Glucosetolerantietesten kunnen leiden tot een van de volgende diagnoses:
- normale respons: van een persoon wordt gezegd dat hij een normale respons heeft wanneer de 2-uurs glucosespiegel 110 mg/dL of lager is.
- verstoorde nuchtere glucose: wanneer een persoon een nuchtere glucose heeft gelijk aan of groter dan 110 en minder dan 126 mg/dL, wordt gezegd dat hij een verstoorde nuchtere glucose heeft. Dit wordt beschouwd als een risicofactor voor toekomstige diabetes en zal waarschijnlijk leiden tot een andere test in de toekomst, maar op zichzelf, maakt niet de diagnose van diabetes.

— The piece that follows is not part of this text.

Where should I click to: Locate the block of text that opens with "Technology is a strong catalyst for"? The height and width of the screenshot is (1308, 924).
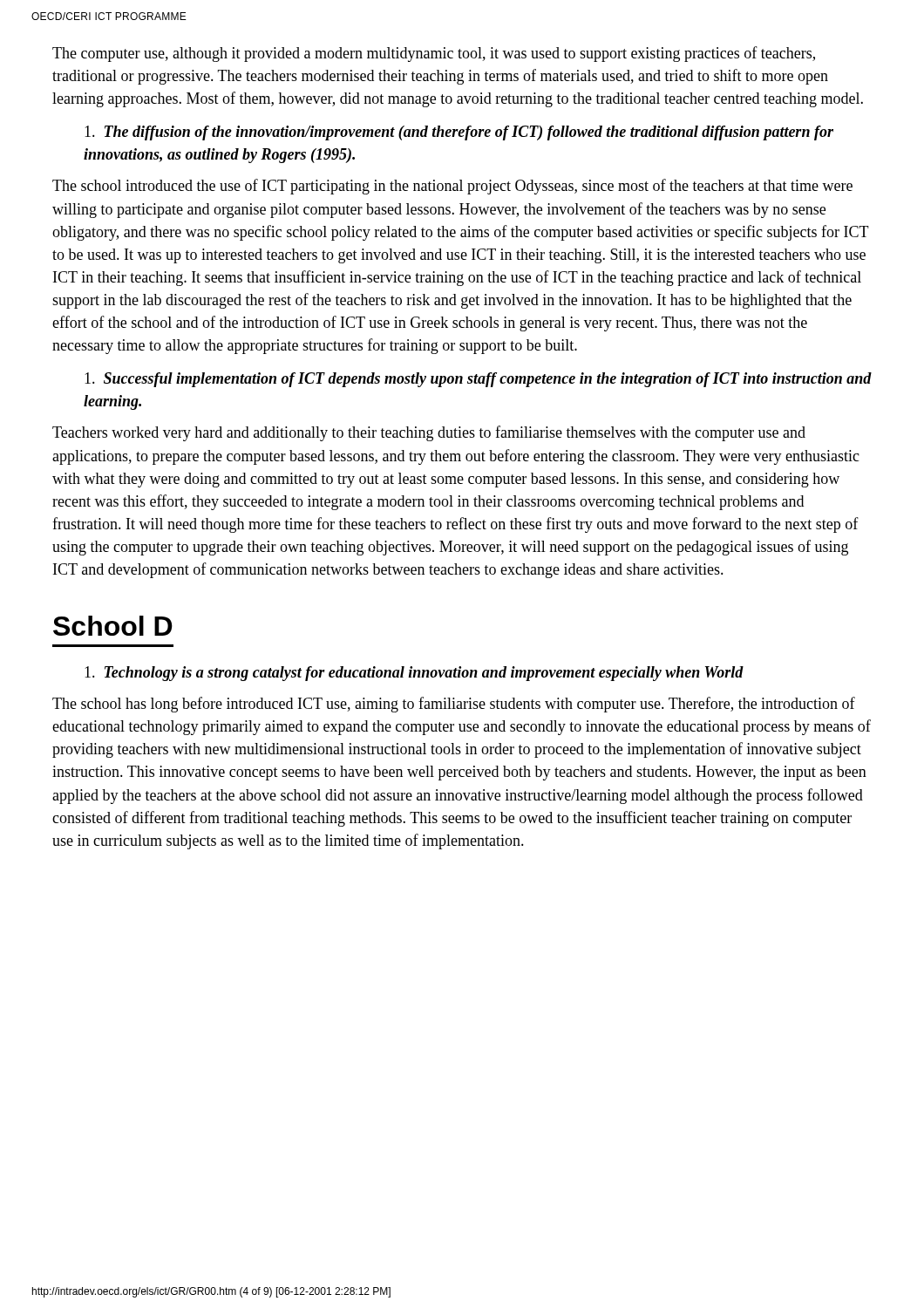pyautogui.click(x=478, y=672)

- verminderde glucosetolerantie: van een persoon wordt gezegd dat hij een verminderde glucosetolerantie heeft wanneer de 2-uurs glucose resultaten van de orale glucosetolerantietest groter zijn dan of gelijk aan 140 maar minder dan 200 mg/dL. Dit wordt ook beschouwd als een risicofactor voor toekomstige diabetes. Er is onlangs discussie geweest over het verlagen van de bovenste waarde tot 180 mg/dL om milde diabetes te diagnosticeren om eerdere interventie en hopelijk preventie van diabetische complicaties mogelijk te maken.
- Diabetes: een persoon heeft diabetes wanneer orale glucosetolerantietesten aantonen dat de bloedglucosespiegel na 2 uur gelijk is aan of hoger is dan 200 mg/dL. Dit moet worden bevestigd door een tweede test (één van beide) op een andere dag. Er is onlangs discussie geweest over het verlagen van de bovenste waarde tot 180 mg/dL om meer mensen met milde diabetes te diagnosticeren om eerdere interventie en hopelijk preventie van diabetische complicaties mogelijk te maken.
- zwangerschapsdiabetes: een vrouw heeft zwangerschapsdiabetes wanneer zij zwanger is en heeft 2 van de volgende bijwerkingen: een nuchtere plasmaglucosespiegel van meer dan 105 mg/dL, een glucosespiegel van 1 uur van meer dan 190 mg/dL, een glucosespiegel van 2 uur van meer dan 165 mg/dL of een glucosespiegel van 3 uur van meer dan 145 mg/dL.